Explain the Nyquist theorem and what happens when you violate it (aliasing).

The Nyquist-Shannon sampling theorem states that to perfectly reconstruct a continuous signal from discrete samples, the sampling rate must be at least twice the highest frequency component present in the signal: f_sample >= 2 * f_max. The frequency f_sample / 2 is called the Nyquist frequency — it is the upper boundary of signals that can be correctly represented at that sample rate.

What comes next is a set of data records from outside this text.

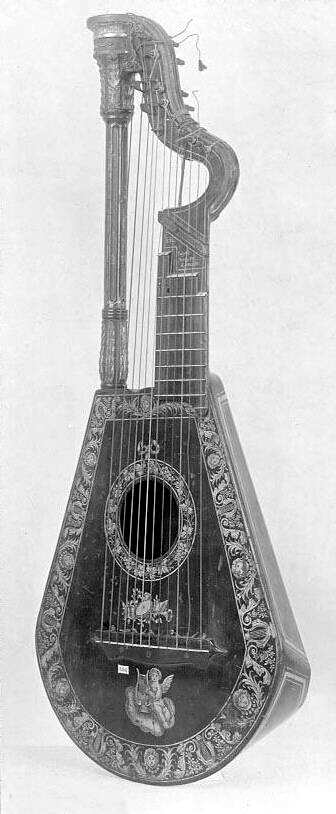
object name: harp lute
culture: british
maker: edward light
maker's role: maker
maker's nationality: british
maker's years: 1747-1832
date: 1800
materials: wood
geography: united kingdom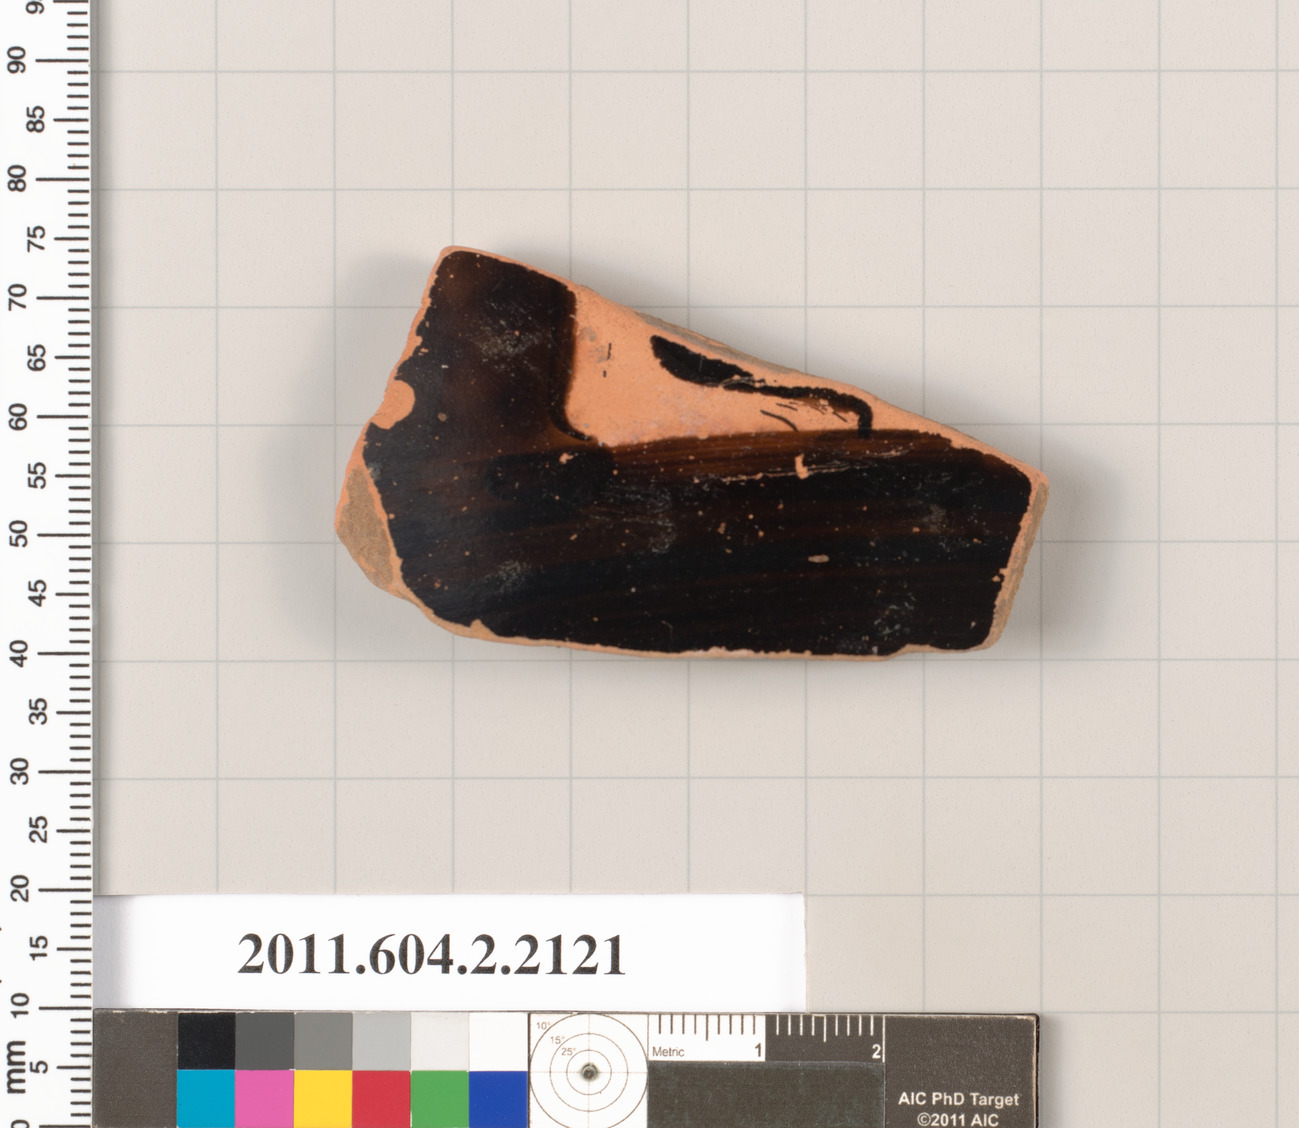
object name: krater fragment
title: Terracotta fragment of a krater (bowl for mixing wine and water)?
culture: greek, attic
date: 475-451 BCE
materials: terracotta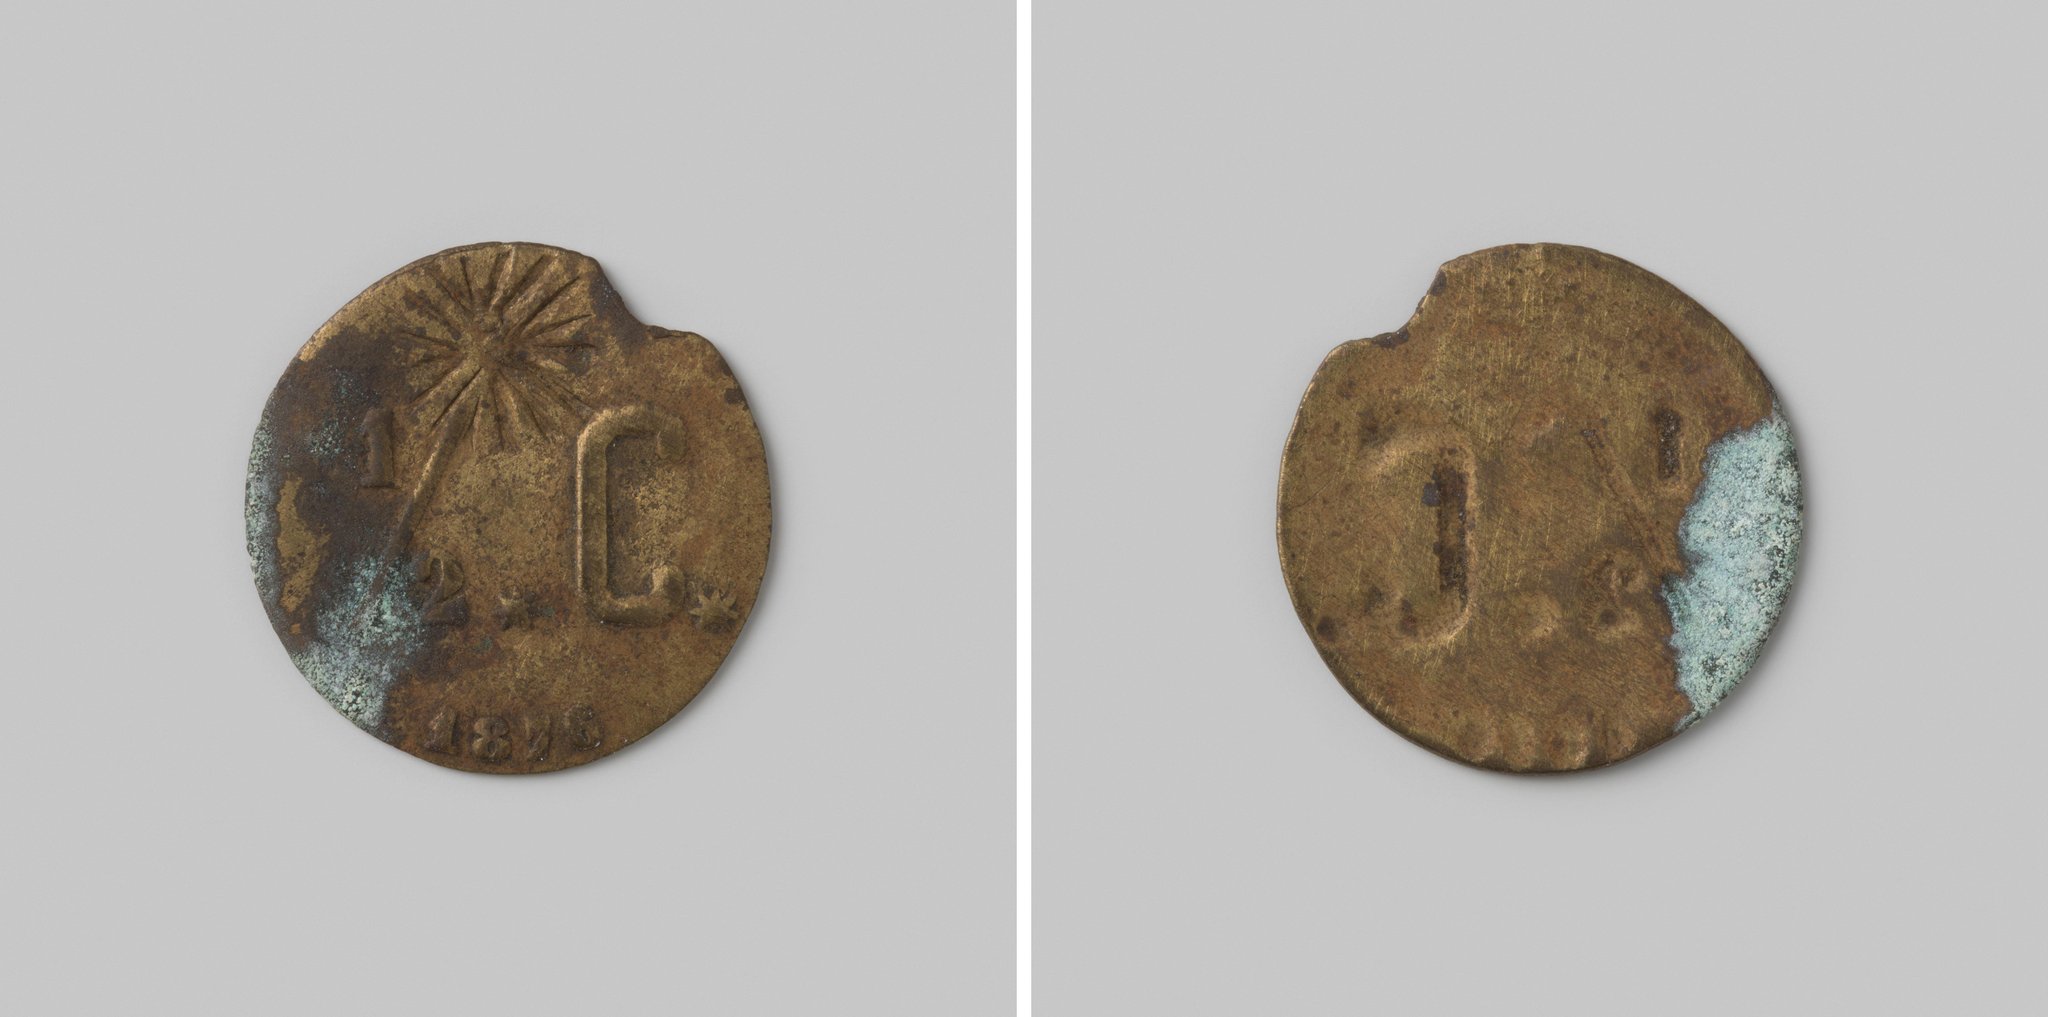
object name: history medal
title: Betaalpenning van ½ cent van de Coöperatieve Winkelvereeniging Eendracht Maakt Magt te Hilversum, 1876
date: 1876
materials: brass
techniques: printing
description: Ronde messing penning met randuitsparing met op de voorzijde de tekst ½*C*, onder 1876, ditzelfde incuus op de keerzijde. Op de voorzijde een ster ingestempeld.

When the sampling rate is too low, aliasing occurs: frequency components above the Nyquist frequency "fold back" into the representable spectrum and appear as false low-frequency signals that are mathematically indistinguishable from real ones. For a concrete example: sampling a 60 Hz signal at 100 Hz produces an alias at 40 Hz (|100 - 60| = 40). A 150 Hz signal sampled at 200 Hz aliases to 50 Hz. Once aliased, the false signal cannot be removed by any amount of digital filtering because it occupies the same frequency bin as a legitimate signal would. The data is permanently corrupted.

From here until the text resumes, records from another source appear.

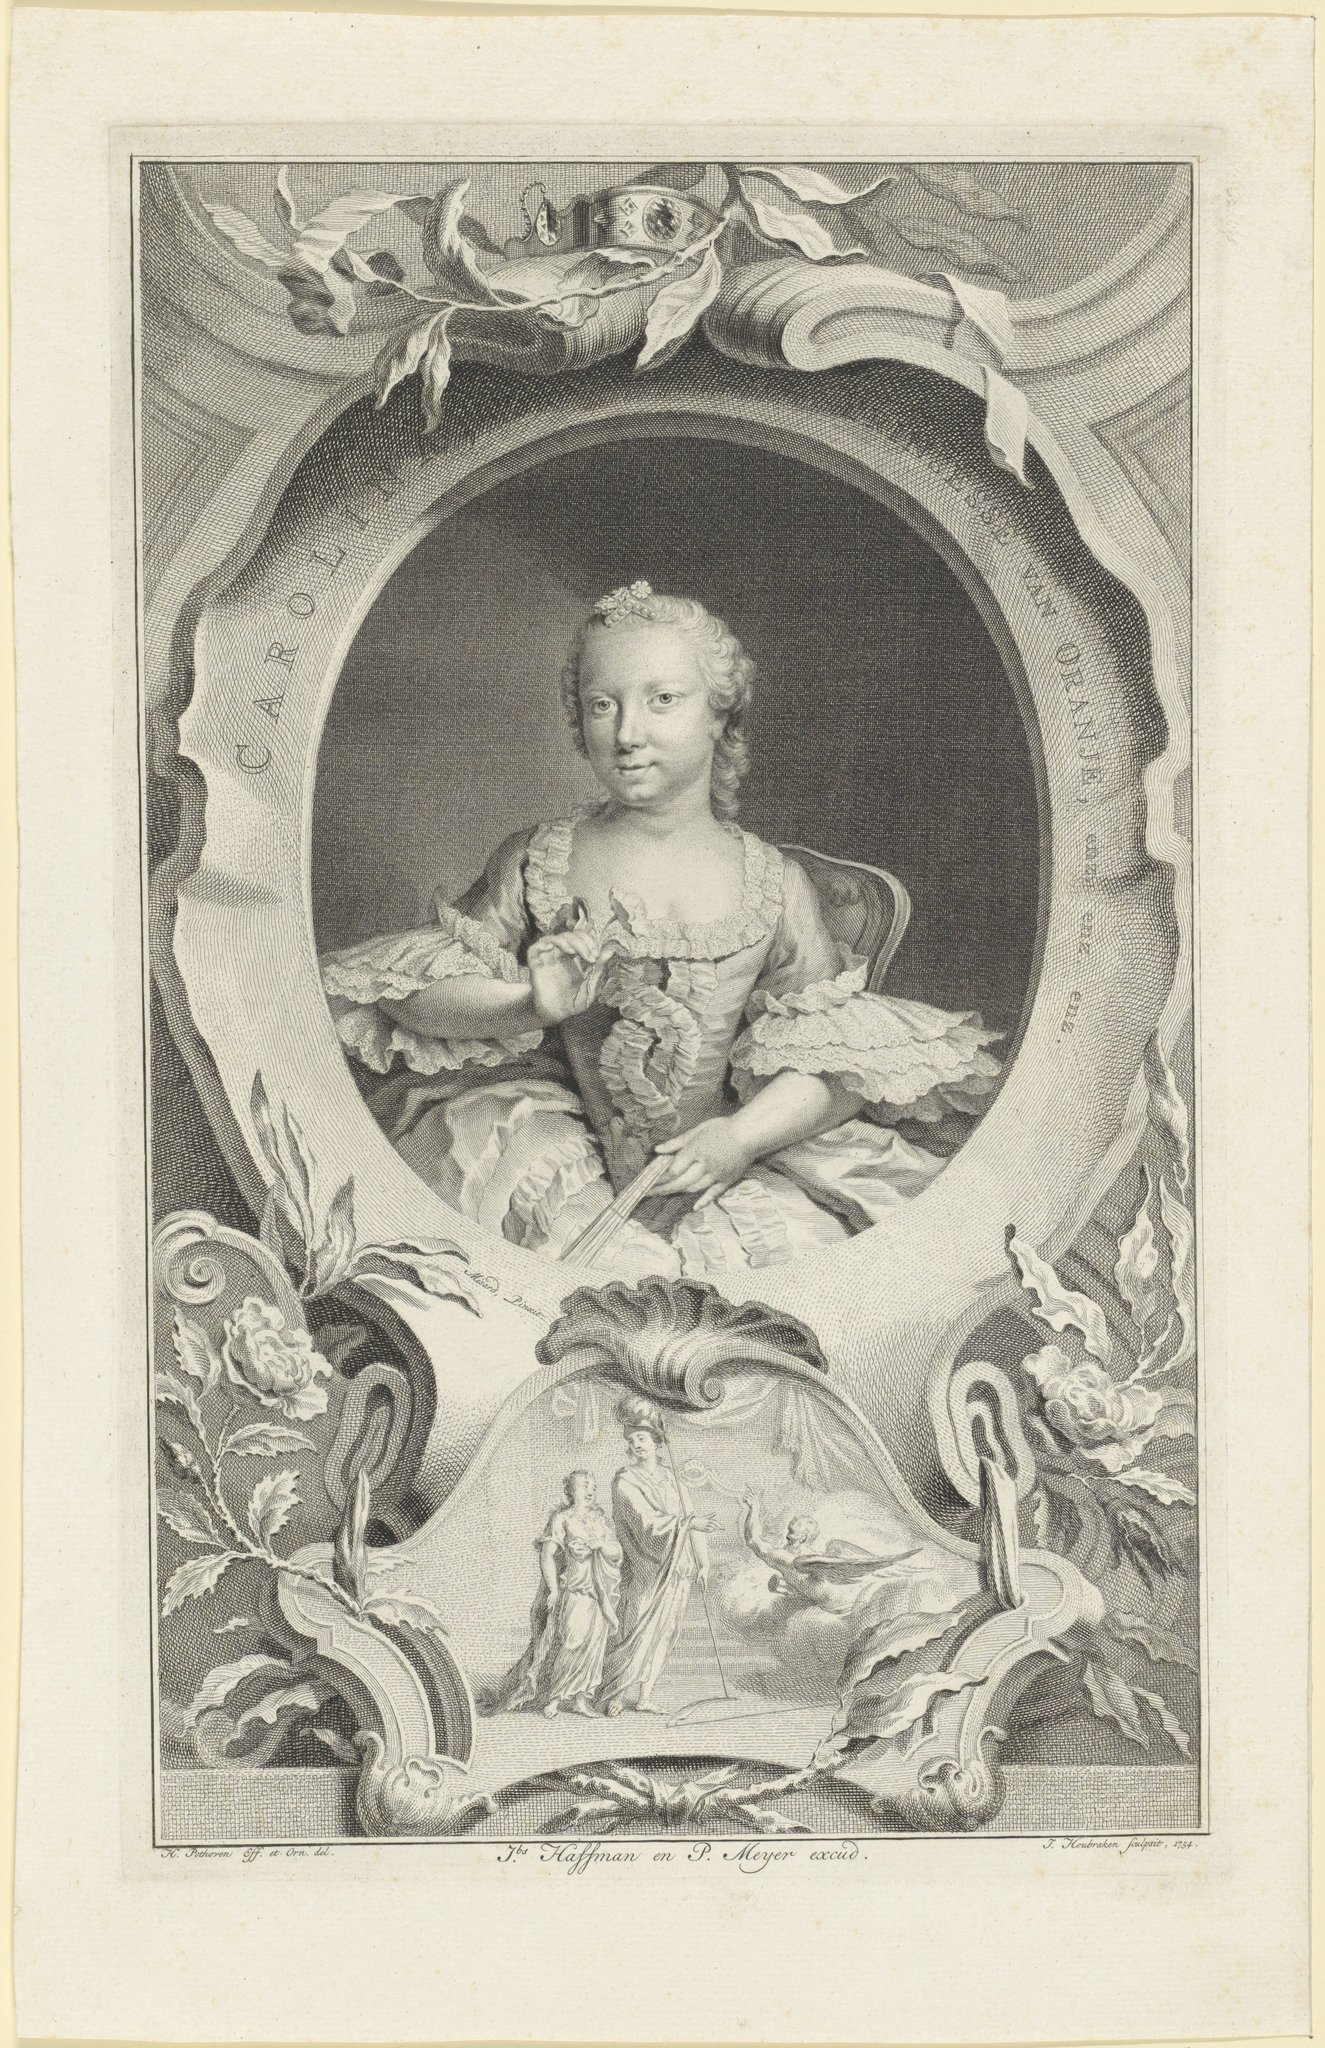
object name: print
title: Portret van Carolina, prinses van Oranje-Nassau
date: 1754
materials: paper
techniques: engraving, etching
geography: amsterdam
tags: carolina (prinses van oranje-nassau), (story of) minerva (pallas, athena)
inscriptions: collector's mark: Lugt 963
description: Portret van Carolina in een ovaal met randschrift. Rondom ligt een aantal allegorische objecten. Op het reliëf een allegorische voorstelling waarin Minerva de jonge Carolina wijst op Vader Tijd.

Prevention requires an anti-aliasing filter — an analog low-pass filter placed physically before the ADC input that attenuates all frequency components above the Nyquist frequency. This must be analog because digital filtering happens after sampling, which is too late. In practice, you should not sample at exactly 2x the signal bandwidth because that assumes a perfect brick-wall filter (infinite roll-off), which does not exist in analog electronics. Instead, sample at 5-10x the signal bandwidth to provide transition band for a practical filter. For example, if your signal of interest goes up to 1 kHz, sample at 5-10 kHz and use a simple 2nd-order RC filter with a -3 dB cutoff around 1.5-2 kHz. The excess sampling rate relaxes the filter requirements from an impractical brick wall to a gentle, inexpensive roll-off.